WORK REQUIRED -> This exercise requires every record to be repeated exactly.
━━ THE DATA ━━
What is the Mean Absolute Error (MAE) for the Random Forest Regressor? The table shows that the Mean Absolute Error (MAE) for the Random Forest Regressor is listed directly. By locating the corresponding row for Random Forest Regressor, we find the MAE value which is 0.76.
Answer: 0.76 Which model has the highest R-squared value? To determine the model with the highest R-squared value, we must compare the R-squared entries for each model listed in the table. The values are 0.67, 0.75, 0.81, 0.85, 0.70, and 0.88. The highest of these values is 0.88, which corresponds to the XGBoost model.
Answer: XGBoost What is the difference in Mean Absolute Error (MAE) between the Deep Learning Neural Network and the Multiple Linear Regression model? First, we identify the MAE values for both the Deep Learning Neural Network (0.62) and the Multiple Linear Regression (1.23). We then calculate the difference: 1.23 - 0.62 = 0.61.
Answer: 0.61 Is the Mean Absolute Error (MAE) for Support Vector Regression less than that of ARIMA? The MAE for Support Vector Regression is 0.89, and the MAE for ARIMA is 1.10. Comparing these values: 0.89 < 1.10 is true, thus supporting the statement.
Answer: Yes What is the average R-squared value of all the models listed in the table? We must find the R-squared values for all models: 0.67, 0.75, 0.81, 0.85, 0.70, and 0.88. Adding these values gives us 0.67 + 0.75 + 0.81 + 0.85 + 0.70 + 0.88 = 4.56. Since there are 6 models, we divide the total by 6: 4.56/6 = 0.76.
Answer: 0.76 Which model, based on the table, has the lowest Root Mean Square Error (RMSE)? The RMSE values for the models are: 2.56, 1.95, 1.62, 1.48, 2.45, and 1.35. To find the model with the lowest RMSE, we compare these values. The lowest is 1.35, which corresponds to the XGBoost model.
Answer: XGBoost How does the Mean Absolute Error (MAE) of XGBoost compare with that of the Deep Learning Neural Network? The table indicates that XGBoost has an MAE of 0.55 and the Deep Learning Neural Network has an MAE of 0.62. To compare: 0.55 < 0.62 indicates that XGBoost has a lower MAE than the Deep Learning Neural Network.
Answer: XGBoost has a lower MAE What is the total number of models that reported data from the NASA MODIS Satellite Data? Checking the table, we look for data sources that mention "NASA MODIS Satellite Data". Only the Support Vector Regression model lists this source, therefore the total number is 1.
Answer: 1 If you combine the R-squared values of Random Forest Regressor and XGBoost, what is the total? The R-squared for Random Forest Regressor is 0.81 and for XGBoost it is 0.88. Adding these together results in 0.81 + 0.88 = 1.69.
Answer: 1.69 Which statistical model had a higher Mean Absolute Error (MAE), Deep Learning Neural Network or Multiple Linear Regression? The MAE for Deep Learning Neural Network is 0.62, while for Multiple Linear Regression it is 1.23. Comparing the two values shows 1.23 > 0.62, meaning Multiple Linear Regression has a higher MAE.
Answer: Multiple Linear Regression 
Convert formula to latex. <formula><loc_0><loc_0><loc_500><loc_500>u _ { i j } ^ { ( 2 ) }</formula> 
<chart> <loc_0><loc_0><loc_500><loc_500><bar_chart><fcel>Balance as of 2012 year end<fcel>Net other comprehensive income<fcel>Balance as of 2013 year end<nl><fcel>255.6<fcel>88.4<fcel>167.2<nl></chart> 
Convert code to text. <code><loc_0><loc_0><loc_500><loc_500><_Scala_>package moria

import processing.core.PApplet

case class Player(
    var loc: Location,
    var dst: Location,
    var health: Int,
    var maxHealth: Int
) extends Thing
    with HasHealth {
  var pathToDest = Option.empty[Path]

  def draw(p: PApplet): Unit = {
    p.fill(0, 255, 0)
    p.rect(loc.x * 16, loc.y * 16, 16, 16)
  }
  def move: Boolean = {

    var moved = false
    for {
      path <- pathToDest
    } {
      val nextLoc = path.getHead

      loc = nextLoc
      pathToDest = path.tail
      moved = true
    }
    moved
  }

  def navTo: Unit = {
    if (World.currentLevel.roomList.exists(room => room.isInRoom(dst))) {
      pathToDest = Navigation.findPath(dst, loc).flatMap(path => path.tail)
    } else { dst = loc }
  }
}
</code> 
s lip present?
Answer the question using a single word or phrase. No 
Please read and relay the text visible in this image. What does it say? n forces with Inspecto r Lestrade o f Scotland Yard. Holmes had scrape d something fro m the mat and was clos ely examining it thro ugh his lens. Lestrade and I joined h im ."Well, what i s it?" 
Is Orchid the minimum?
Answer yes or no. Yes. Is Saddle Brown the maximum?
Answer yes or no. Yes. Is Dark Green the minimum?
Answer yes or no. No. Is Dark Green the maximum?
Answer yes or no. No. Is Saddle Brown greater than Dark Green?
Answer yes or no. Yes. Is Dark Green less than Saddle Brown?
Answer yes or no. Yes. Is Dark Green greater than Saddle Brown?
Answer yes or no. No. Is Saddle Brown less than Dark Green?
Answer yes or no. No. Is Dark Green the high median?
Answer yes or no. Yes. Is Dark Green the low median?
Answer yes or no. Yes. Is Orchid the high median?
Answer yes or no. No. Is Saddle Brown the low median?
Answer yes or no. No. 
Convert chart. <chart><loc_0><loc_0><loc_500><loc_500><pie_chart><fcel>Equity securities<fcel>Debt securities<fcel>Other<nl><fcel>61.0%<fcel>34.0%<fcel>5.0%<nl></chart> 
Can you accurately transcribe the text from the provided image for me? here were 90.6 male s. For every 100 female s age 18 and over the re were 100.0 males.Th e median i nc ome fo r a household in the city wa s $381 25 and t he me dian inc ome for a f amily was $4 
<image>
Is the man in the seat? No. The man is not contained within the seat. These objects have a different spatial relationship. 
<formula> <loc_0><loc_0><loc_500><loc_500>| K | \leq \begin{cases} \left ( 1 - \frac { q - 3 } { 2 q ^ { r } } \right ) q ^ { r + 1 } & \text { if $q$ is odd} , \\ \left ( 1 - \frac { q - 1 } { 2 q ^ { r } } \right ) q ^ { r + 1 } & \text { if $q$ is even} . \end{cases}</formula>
━━━
TASK SOLUTION ->
What is the Mean Absolute Error (MAE) for the Random Forest Regressor? The table shows that the Mean Absolute Error (MAE) for the Random Forest Regressor is listed directly. By locating the corresponding row for Random Forest Regressor, we find the MAE value which is 0.76.
Answer: 0.76 Which model has the highest R-squared value? To determine the model with the highest R-squared value, we must compare the R-squared entries for each model listed in the table. The values are 0.67, 0.75, 0.81, 0.85, 0.70, and 0.88. The highest of these values is 0.88, which corresponds to the XGBoost model.
Answer: XGBoost What is the difference in Mean Absolute Error (MAE) between the Deep Learning Neural Network and the Multiple Linear Regression model? First, we identify the MAE values for both the Deep Learning Neural Network (0.62) and the Multiple Linear Regression (1.23). We then calculate the difference: 1.23 - 0.62 = 0.61.
Answer: 0.61 Is the Mean Absolute Error (MAE) for Support Vector Regression less than that of ARIMA? The MAE for Support Vector Regression is 0.89, and the MAE for ARIMA is 1.10. Comparing these values: 0.89 < 1.10 is true, thus supporting the statement.
Answer: Yes What is the average R-squared value of all the models listed in the table? We must find the R-squared values for all models: 0.67, 0.75, 0.81, 0.85, 0.70, and 0.88. Adding these values gives us 0.67 + 0.75 + 0.81 + 0.85 + 0.70 + 0.88 = 4.56. Since there are 6 models, we divide the total by 6: 4.56/6 = 0.76.
Answer: 0.76 Which model, based on the table, has the lowest Root Mean Square Error (RMSE)? The RMSE values for the models are: 2.56, 1.95, 1.62, 1.48, 2.45, and 1.35. To find the model with the lowest RMSE, we compare these values. The lowest is 1.35, which corresponds to the XGBoost model.
Answer: XGBoost How does the Mean Absolute Error (MAE) of XGBoost compare with that of the Deep Learning Neural Network? The table indicates that XGBoost has an MAE of 0.55 and the Deep Learning Neural Network has an MAE of 0.62. To compare: 0.55 < 0.62 indicates that XGBoost has a lower MAE than the Deep Learning Neural Network.
Answer: XGBoost has a lower MAE What is the total number of models that reported data from the NASA MODIS Satellite Data? Checking the table, we look for data sources that mention "NASA MODIS Satellite Data". Only the Support Vector Regression model lists this source, therefore the total number is 1.
Answer: 1 If you combine the R-squared values of Random Forest Regressor and XGBoost, what is the total? The R-squared for Random Forest Regressor is 0.81 and for XGBoost it is 0.88. Adding these together results in 0.81 + 0.88 = 1.69.
Answer: 1.69 Which statistical model had a higher Mean Absolute Error (MAE), Deep Learning Neural Network or Multiple Linear Regression? The MAE for Deep Learning Neural Network is 0.62, while for Multiple Linear Regression it is 1.23. Comparing the two values shows 1.23 > 0.62, meaning Multiple Linear Regression has a higher MAE.
Answer: Multiple Linear Regression 
Convert formula to latex. <formula><loc_0><loc_0><loc_500><loc_500>u _ { i j } ^ { ( 2 ) }</formula> 
<chart> <loc_0><loc_0><loc_500><loc_500><bar_chart><fcel>Balance as of 2012 year end<fcel>Net other comprehensive income<fcel>Balance as of 2013 year end<nl><fcel>255.6<fcel>88.4<fcel>167.2<nl></chart> 
Convert code to text. <code><loc_0><loc_0><loc_500><loc_500><_Scala_>package moria

import processing.core.PApplet

case class Player(
    var loc: Location,
    var dst: Location,
    var health: Int,
    var maxHealth: Int
) extends Thing
    with HasHealth {
  var pathToDest = Option.empty[Path]

  def draw(p: PApplet): Unit = {
    p.fill(0, 255, 0)
    p.rect(loc.x * 16, loc.y * 16, 16, 16)
  }
  def move: Boolean = {

    var moved = false
    for {
      path <- pathToDest
    } {
      val nextLoc = path.getHead

      loc = nextLoc
      pathToDest = path.tail
      moved = true
    }
    moved
  }

  def navTo: Unit = {
    if (World.currentLevel.roomList.exists(room => room.isInRoom(dst))) {
      pathToDest = Navigation.findPath(dst, loc).flatMap(path => path.tail)
    } else { dst = loc }
  }
}
</code> 
s lip present?
Answer the question using a single word or phrase. No 
Please read and relay the text visible in this image. What does it say? n forces with Inspecto r Lestrade o f Scotland Yard. Holmes had scrape d something fro m the mat and was clos ely examining it thro ugh his lens. Lestrade and I joined h im ."Well, what i s it?" 
Is Orchid the minimum?
Answer yes or no. Yes. Is Saddle Brown the maximum?
Answer yes or no. Yes. Is Dark Green the minimum?
Answer yes or no. No. Is Dark Green the maximum?
Answer yes or no. No. Is Saddle Brown greater than Dark Green?
Answer yes or no. Yes. Is Dark Green less than Saddle Brown?
Answer yes or no. Yes. Is Dark Green greater than Saddle Brown?
Answer yes or no. No. Is Saddle Brown less than Dark Green?
Answer yes or no. No. Is Dark Green the high median?
Answer yes or no. Yes. Is Dark Green the low median?
Answer yes or no. Yes. Is Orchid the high median?
Answer yes or no. No. Is Saddle Brown the low median?
Answer yes or no. No. 
Convert chart. <chart><loc_0><loc_0><loc_500><loc_500><pie_chart><fcel>Equity securities<fcel>Debt securities<fcel>Other<nl><fcel>61.0%<fcel>34.0%<fcel>5.0%<nl></chart> 
Can you accurately transcribe the text from the provided image for me? here were 90.6 male s. For every 100 female s age 18 and over the re were 100.0 males.Th e median i nc ome fo r a household in the city wa s $381 25 and t he me dian inc ome for a f amily was $4 
<image>
Is the man in the seat? No. The man is not contained within the seat. These objects have a different spatial relationship. 
<formula> <loc_0><loc_0><loc_500><loc_500>| K | \leq \begin{cases} \left ( 1 - \frac { q - 3 } { 2 q ^ { r } } \right ) q ^ { r + 1 } & \text { if $q$ is odd} , \\ \left ( 1 - \frac { q - 1 } { 2 q ^ { r } } \right ) q ^ { r + 1 } & \text { if $q$ is even} . \end{cases}</formula>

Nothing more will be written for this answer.